2 Department of Rheumatology,CHU de la Cavale-Blanche,Brest,France.

3 Clinical Immunology and Osteoarticular Diseases Therapeutic Unit,Lapeyronie University Hospital,Montpellier,France.

4 School of Health and Related Research (ScHARR), University of Sheffield,United Kingdom.

5 Department of Economic and Public Health Evaluation,French National Authority for Health (HAS), Saint-Denis La Plaine,France.



The aim of this study was to estimate the effectiveness of first-line biologic disease modifying drugs(boDMARDs), and their approved biosimilars (bsDMARDs), compared with conventional (csDMARD) treatment, in terms of ACR (American College of Rheumatology) and EULAR (European League against Rheumatism) responses.


Systematic literature search, on eight databases to January 2017, sought ACR and EULAR data from randomized controlled trials (RCTs) of boDMARDs / bsDMARDs (in combination with csDMARDs, or monotherapy). Two adult populations: methotrexate (MTX)-naïve patients with severe active RA; and csDMARD-experienced patients with moderate-to-severe active RA. Network meta-analyses (NMA) were conducted using a Bayesian Markov chain Monte Carlo simulation using a random effects model with a probit link function for ordered categorical.

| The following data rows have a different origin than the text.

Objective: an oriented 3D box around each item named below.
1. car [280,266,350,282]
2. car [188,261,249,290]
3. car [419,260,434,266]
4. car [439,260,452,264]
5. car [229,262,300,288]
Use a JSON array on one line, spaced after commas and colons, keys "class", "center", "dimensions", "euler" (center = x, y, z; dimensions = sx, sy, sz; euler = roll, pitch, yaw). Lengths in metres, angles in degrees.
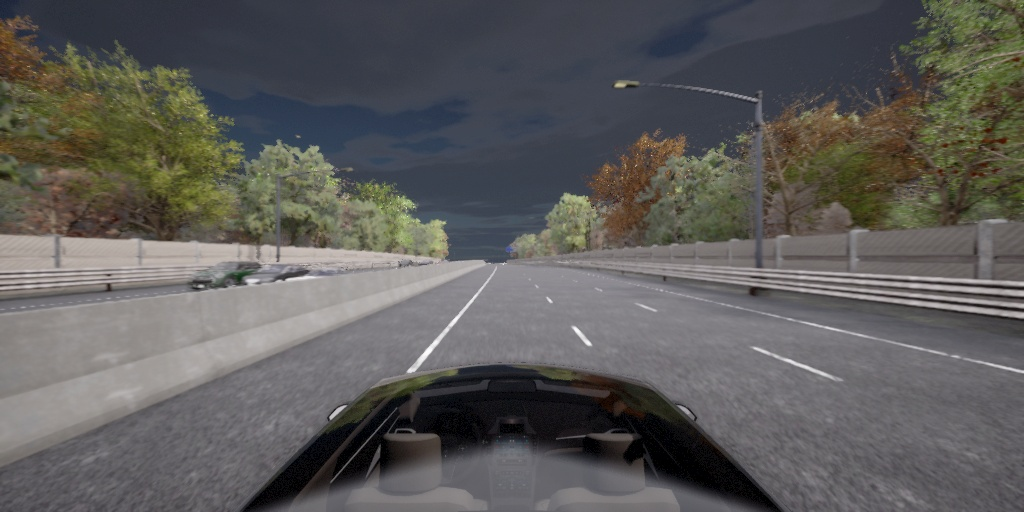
[{"class": "car", "center": [-10.685, 1.371, 20.509], "dimensions": [1.895, 1.301, 4.718], "euler": [0, 0, 0]}, {"class": "car", "center": [-17.710, 1.132, 22.634], "dimensions": [2.097, 1.767, 4.553], "euler": [0, 0, -1]}, {"class": "car", "center": [-15.047, 1.441, 63.244], "dimensions": [2.033, 1.411, 5.357], "euler": [0, -1, -2]}, {"class": "car", "center": [-11.519, 1.376, 62.174], "dimensions": [1.882, 1.535, 5.008], "euler": [0, -1, -1]}, {"class": "car", "center": [-14.204, 1.266, 21.971], "dimensions": [2.128, 1.511, 4.902], "euler": [0, 0, -1]}]

Forty-six RCTs met the eligibility criteria. In the MTX-naïve severe active RA population, no biosimilar trials meeting the inclusion criteria were identified. MTX plus methylprednisolone (MP) was most likely to achieve the best ACR response. There was insufficient evidence that combination boDMARDs was superior to intensive (two or more) csDMARDs. In the csDMARD-experienced, moderate-to-severe RA population, the greatest effects for ACR responses were associated with tocilizumab (TCZ) monotherapy, and combination therapy (plus MTX) with bsDMARD etanercept (ETN) SB4, boDMARD ETN and TCZ. These treatments also had the greatest effects on EULAR responses. No clear differences were found between the boDMARDs and their bsDMARDs.


In MTX-naïve patients, there was insufficient evidence that combination boDMARDs was superior to two or more csDMARDs. In csDMARD-experienced patients, boDMARDs and bsDMARDs were comparable and all combination boDMARDs / bsDMARDs were superior to single csDMARD.